# Curious, What is the most Aggressive Piranha?



## CROSSHAIR223 (Jan 17, 2005)

I've owned Red bellies for years and have bred them for a year. I'm wanting to own the most aggressive piranha I can. Does anyone have experience or know what is THE most AGGRESSIVE piranha out there??????? Thanks!


----------



## kove32 (Oct 26, 2004)

Everyone is going to say it depends on the fish, but I think you would be better asking what the most reputable species of piranha is most aggressive. Most serra are bloody mean but you do get some pussies in there.


----------



## TheGreatHoe (Jun 19, 2004)

like he said depends on teh fish.....elongs are supose to be bad ass though....same w/ irritans


----------



## PARANHAZ69 (Dec 16, 2003)

i think its just like cats and dogs they are all different and have different personalities


----------



## rchan11 (May 6, 2004)

We've dozens of threads like this one.


----------



## num1contenderNYC (Oct 6, 2004)

I've had reds and they're ok, but like everyone says. It depends on the fish. I've got 2 Rhoms which is kinda mean, but my purple spilo is a badass fish. He chases my fingers against the glass.


----------



## rbp 4 135 (Mar 2, 2004)

rchan11 said:


> We've dozens of threads like this one.
> [snapback]849838[/snapback]​


no more like hundreds :laugh:

any way, it depends on the fish, my reds are as aggressive as any fish i have ever owned except my rohm. my rohm is the meanest fish i have ever ownded. but then i had some caribes a while back that were pussies. it really depends on the fish. With piranhas patience is the key. they all have the potential to be aggressive.
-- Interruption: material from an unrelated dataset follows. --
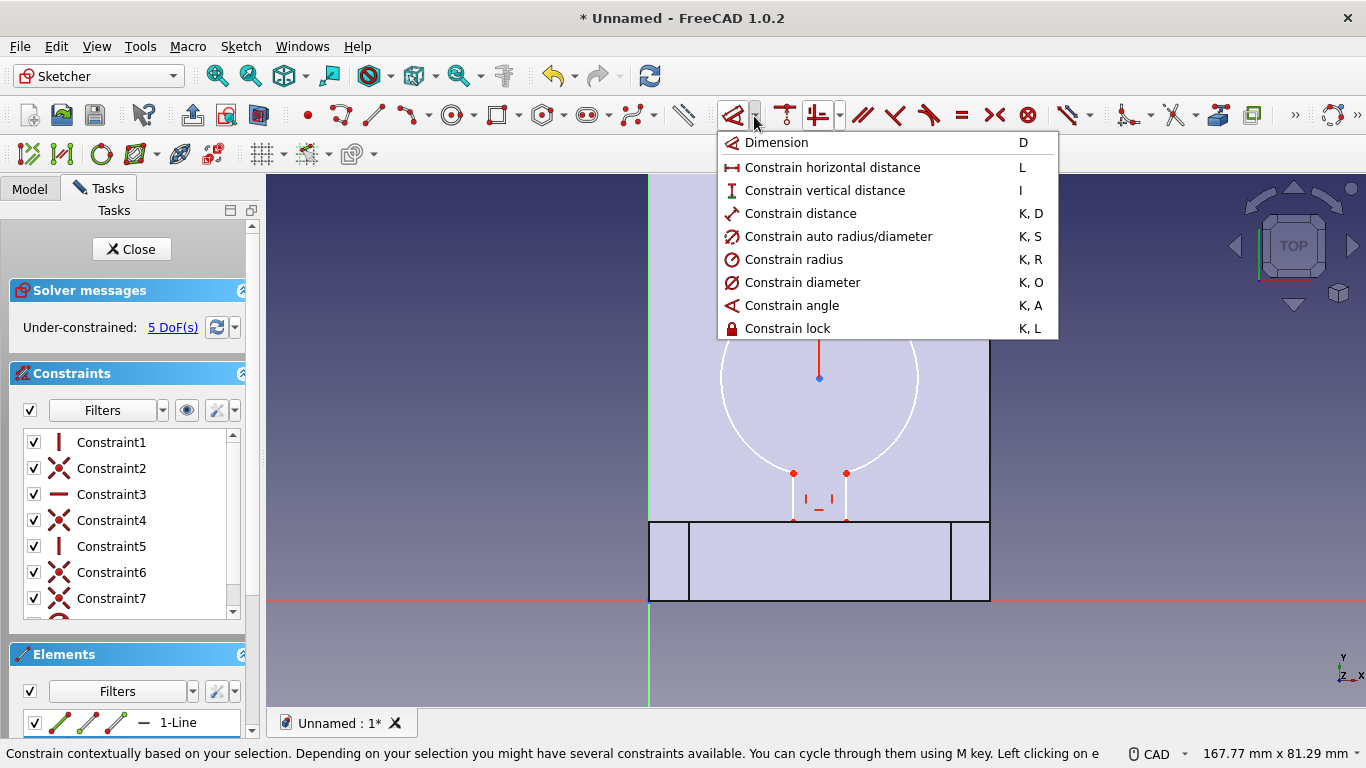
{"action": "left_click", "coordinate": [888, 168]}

If you put your time in and take good care of them, eventually you are likely to have some killers on your hands.


----------



## Zim (Jun 4, 2004)

The average most aggressive is a large rhom.


----------



## FormulatedFire (Jan 3, 2005)

i've got a killer on my hands......my 3" red killed everything in the tank with him including 1.....2 1/2" reg red and 1 2 1/2" super red....jaws and killer as he has now been dubbed.......so really it just depends on this fish.....i have heard of starving them to make them more aggresive but i dont see this as healthy and dont really recommend this but i am happy with my rbp even though he has 40 bucks worth of fish in his tummy.......


----------



## WorldBelow07 (Dec 16, 2004)

elong


----------



## L10452 (Nov 19, 2004)

whatever u get, don't get it from a lfs, they may sell u a pacu and say it's a Rhom.


----------



## elTwitcho (Jun 22, 2004)

L10452 said:


> whatever u get, don't get it from a lfs, they may sell u a pacu and say it's a Rhom.
> [snapback]850028[/snapback]​


The average hobbyest should be smarter than that, if you have trouble identifying a fish for yourself it's on you to get educated not the lfs to hold your hand and do your thinking for you. I'd recomend only buying piranha from the lfs because if you've got a shred of sense in your head you can tell what is in the tank and you can actually look at the fish you will be buying. My rhom is the most aggressive fish I've personally seen, that's what caught my attention at the fish store. He chased my finger because I was there to test this. He had beatiful coloration because I was there to see this. He was healthy in every respect because I was there to confirm this. You can't do any of this online and the picture you see isn't even of the fish you will be buying. If you can't do a little basic critical thinking to inspect a fish for yourself then you need to start looking through photo galleries and reading species profiles, not bitching at the local fish stores because they can't do everything for you.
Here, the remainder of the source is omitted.